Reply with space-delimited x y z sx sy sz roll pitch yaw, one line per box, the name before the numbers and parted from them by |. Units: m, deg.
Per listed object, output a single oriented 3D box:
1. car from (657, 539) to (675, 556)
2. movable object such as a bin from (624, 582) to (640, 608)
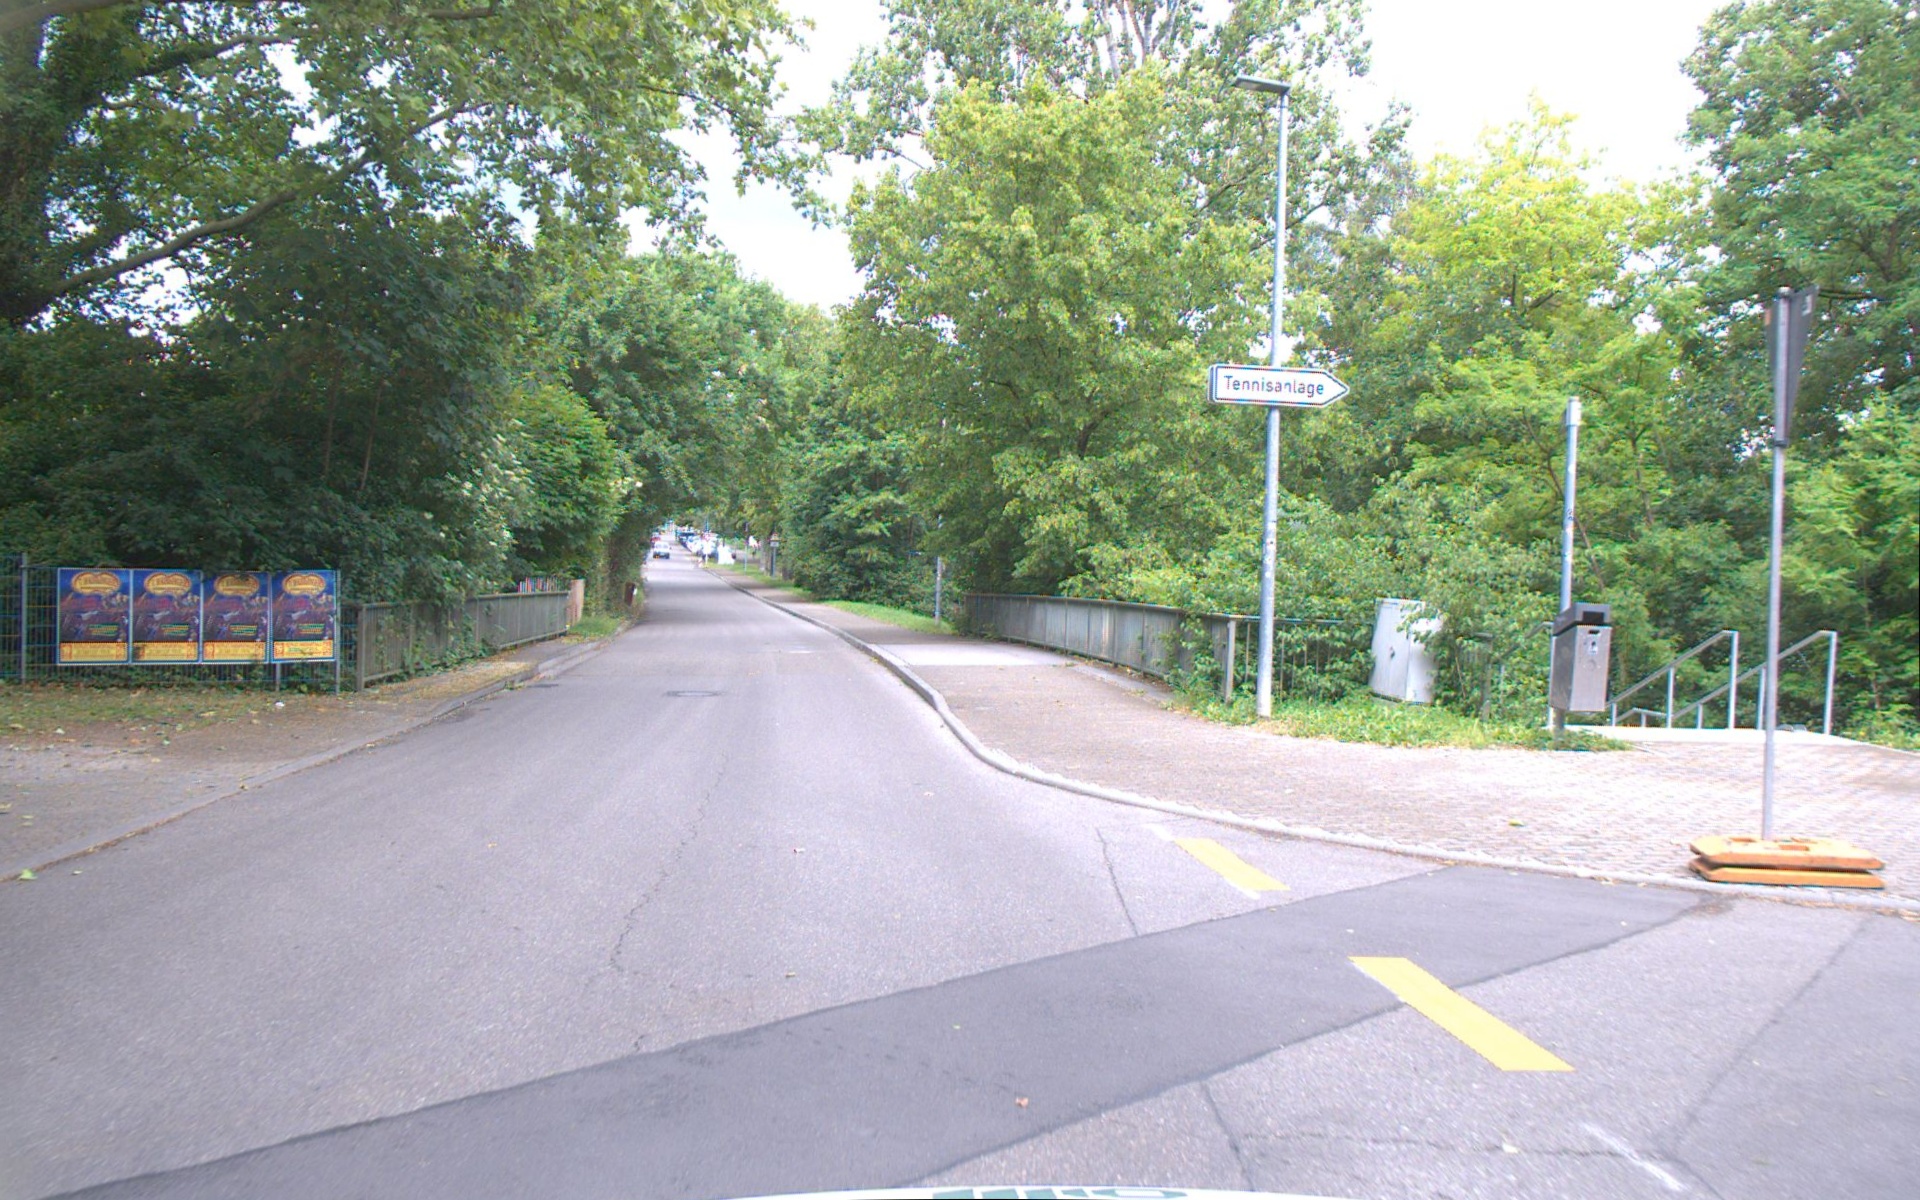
car | -33.016 -5.882 185.762 1.957 1.803 3.991 1 0 -9
movable object such as a bin | -12.448 -0.182 62.770 0.579 0.974 0.469 1 0 -10
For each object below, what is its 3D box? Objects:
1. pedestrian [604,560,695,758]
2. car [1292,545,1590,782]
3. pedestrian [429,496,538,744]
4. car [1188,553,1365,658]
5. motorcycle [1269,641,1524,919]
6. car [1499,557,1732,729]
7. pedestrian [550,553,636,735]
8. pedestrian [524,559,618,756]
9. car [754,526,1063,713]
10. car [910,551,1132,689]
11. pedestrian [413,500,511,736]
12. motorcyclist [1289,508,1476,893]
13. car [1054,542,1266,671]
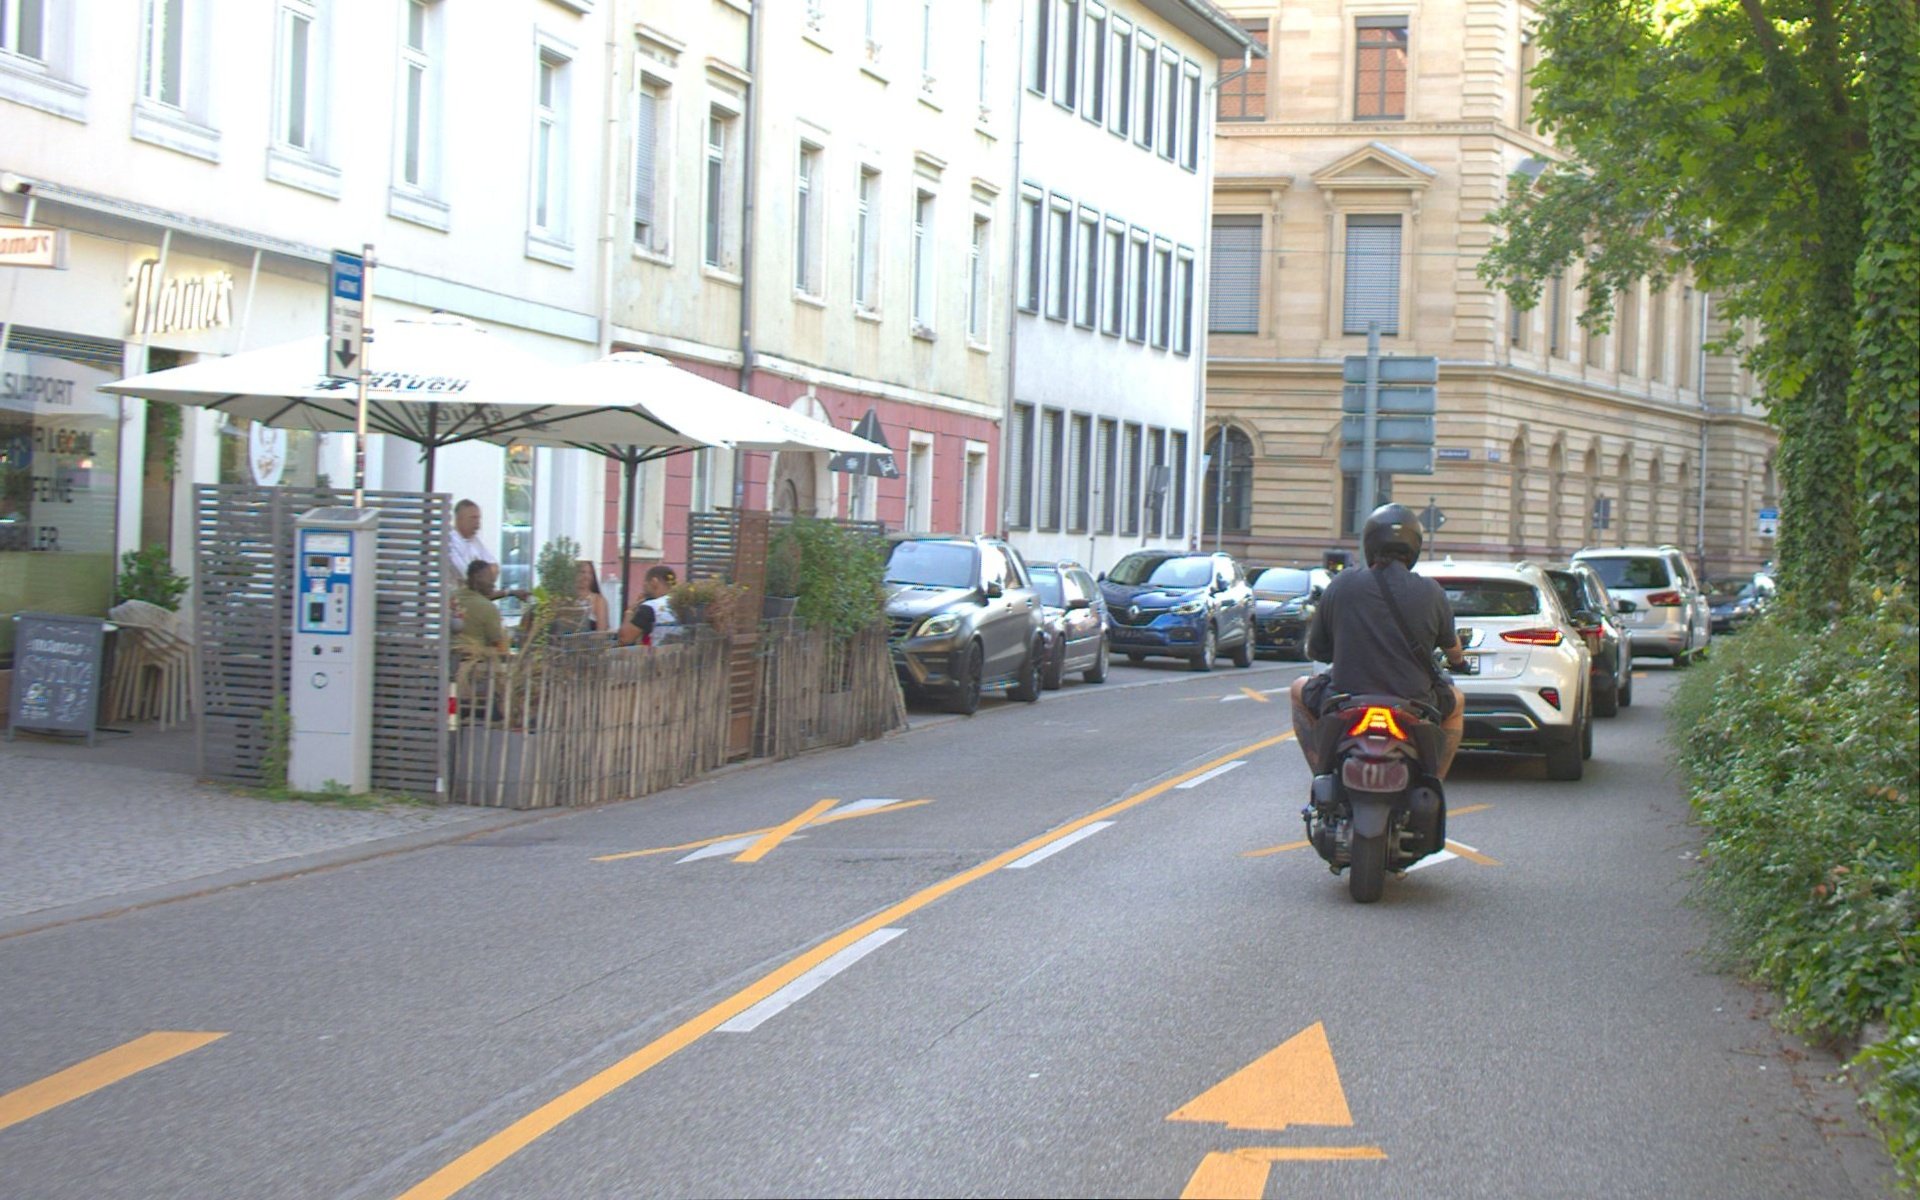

**EXERCISE**
The line with "1. car from (657, 539) to (675, 556)" marks the end; reproduce exactly every line from the start of the entries up to it, that line included.

**EXERCISE ANSWER**
Reply with space-delimited x y z sx sy sz roll pitch yaw, one line per box, the name before the numbers and parted from them by |. Units: m, deg.
Per listed object, output a single oriented 3D box:
1. car from (657, 539) to (675, 556)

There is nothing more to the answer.